--- Raw data Enclosed Below ---

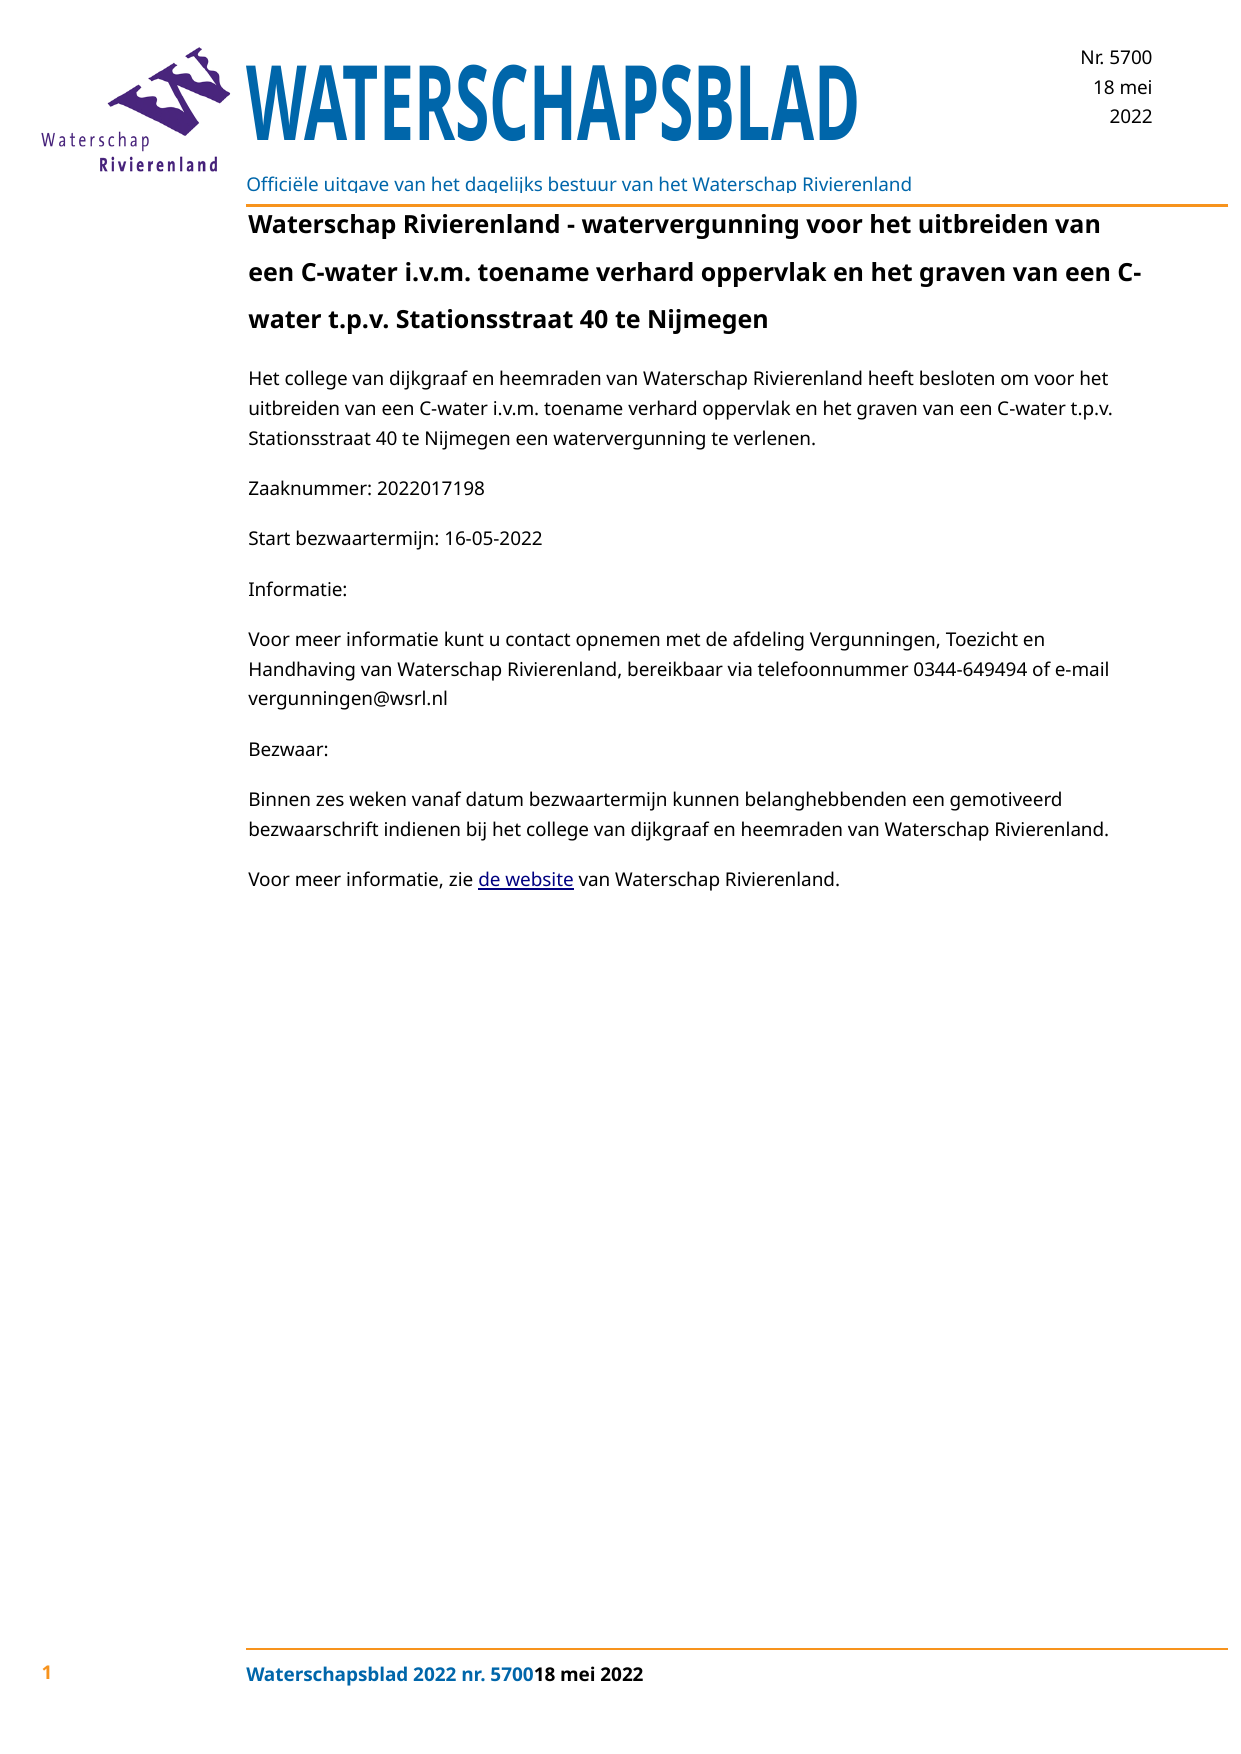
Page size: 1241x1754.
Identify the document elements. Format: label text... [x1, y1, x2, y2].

text Zaaknummer: 2022017198 [248, 475, 1152, 501]
text Voor meer informatie kunt u contact opnemen met de afdeling Vergunningen, Toezicht en Handhaving van Waterschap Rivierenland, bereikbaar via telefoonnummer 0344-649494 of e-mail vergunningen@wsrl.nl [248, 626, 1152, 711]
text Voor meer informatie, zie de website van Waterschap Rivierenland. [248, 866, 1152, 892]
text Het college van dijkgraaf en heemraden van Waterschap Rivierenland heeft besloten om voor het uitbreiden van een C-water i.v.m. toename verhard oppervlak en het graven van een C-water t.p.v. Stationsstraat 40 te Nijmegen een watervergunning te verlenen. [248, 366, 1152, 450]
text Binnen zes weken vanaf datum bezwaartermijn kunnen belanghebbenden een gemotiveerd bezwaarschrift indienen bij het college van dijkgraaf en heemraden van Waterschap Rivierenland. [248, 786, 1152, 842]
text Waterschap Rivierenland - watervergunning voor het uitbreiden van een C-water i.v.m. toename verhard oppervlak en het graven van een C-water t.p.v. Stationsstraat 40 te Nijmegen [248, 207, 1152, 336]
text Informatie: [248, 576, 1152, 602]
picture [41, 47, 231, 172]
text Bezwaar: [248, 736, 1152, 762]
text Start bezwaartermijn: 16-05-2022 [248, 526, 1152, 551]
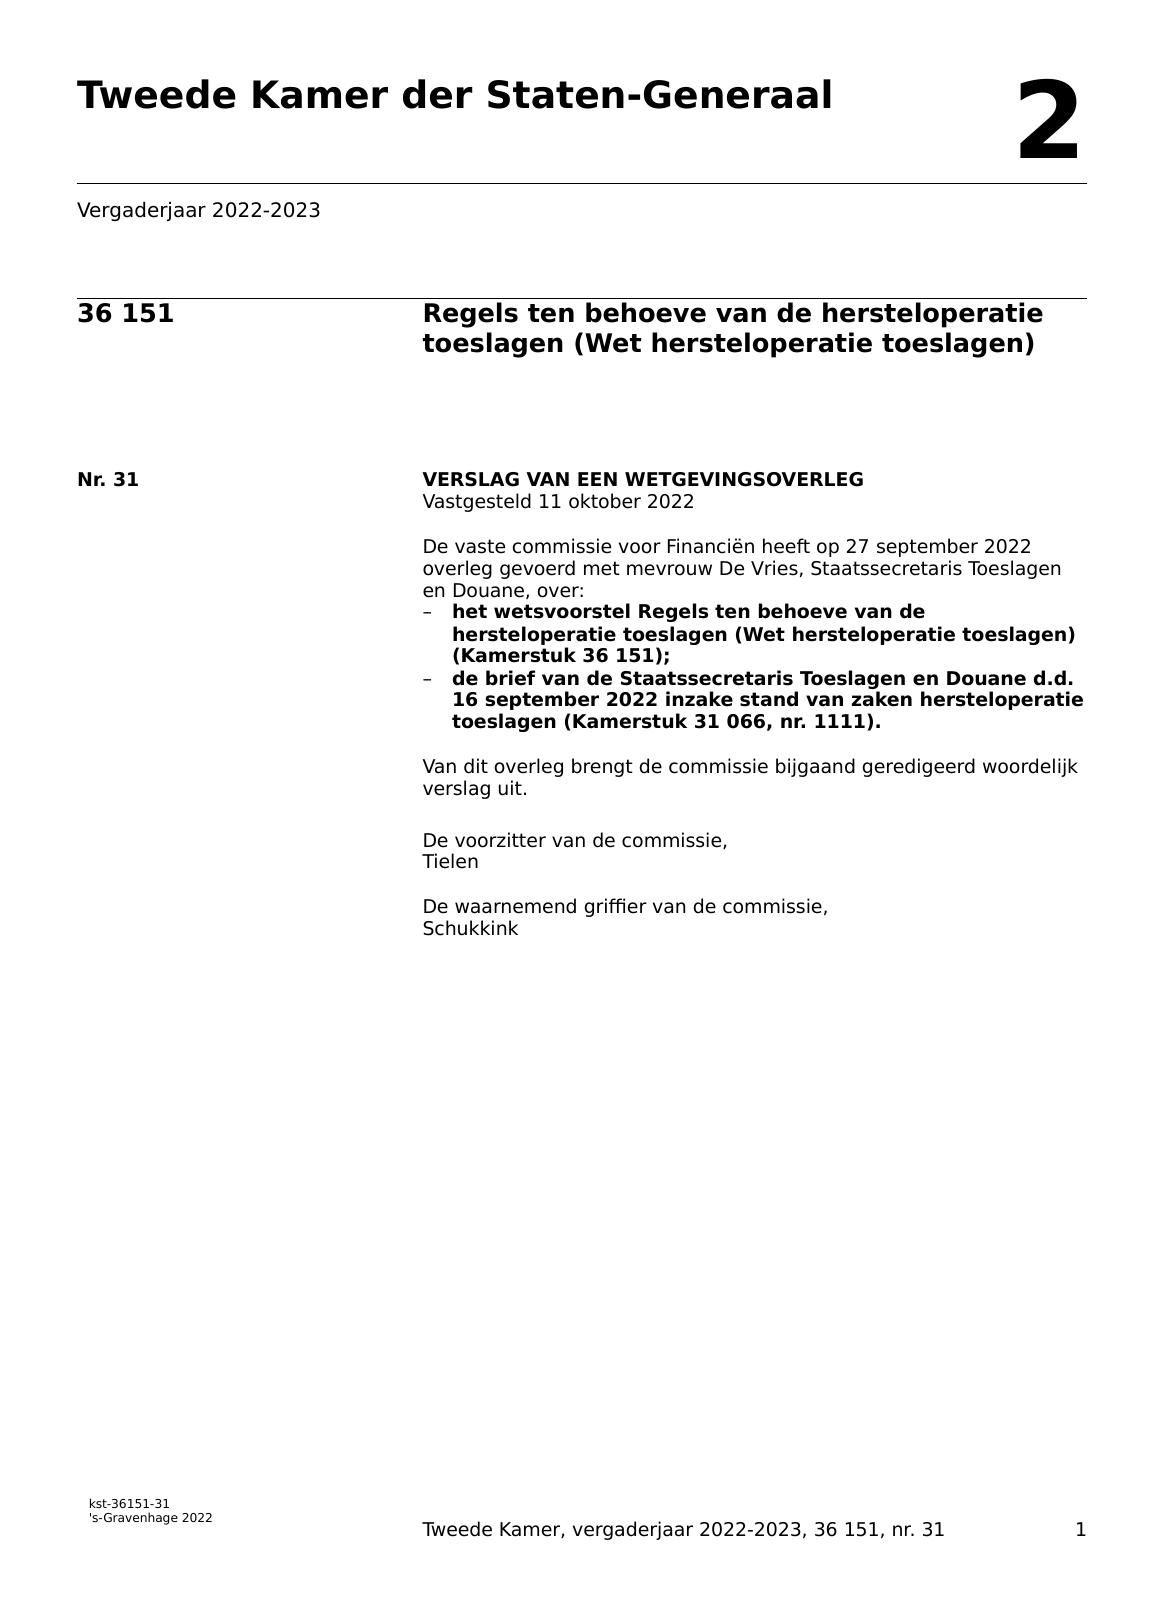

--- End of Enclosed Raw data ---

» Problem statement
Check each line of the entries above for the string "bezwaartermijn", and return those that contain it.

» Answer area
text Binnen zes weken vanaf datum bezwaartermijn kunnen belanghebbenden een gemotiveerd bezwaarschrift indienen bij het college van dijkgraaf en heemraden van Waterschap Rivierenland. [248, 786, 1152, 842]
text Start bezwaartermijn: 16-05-2022 [248, 526, 1152, 551]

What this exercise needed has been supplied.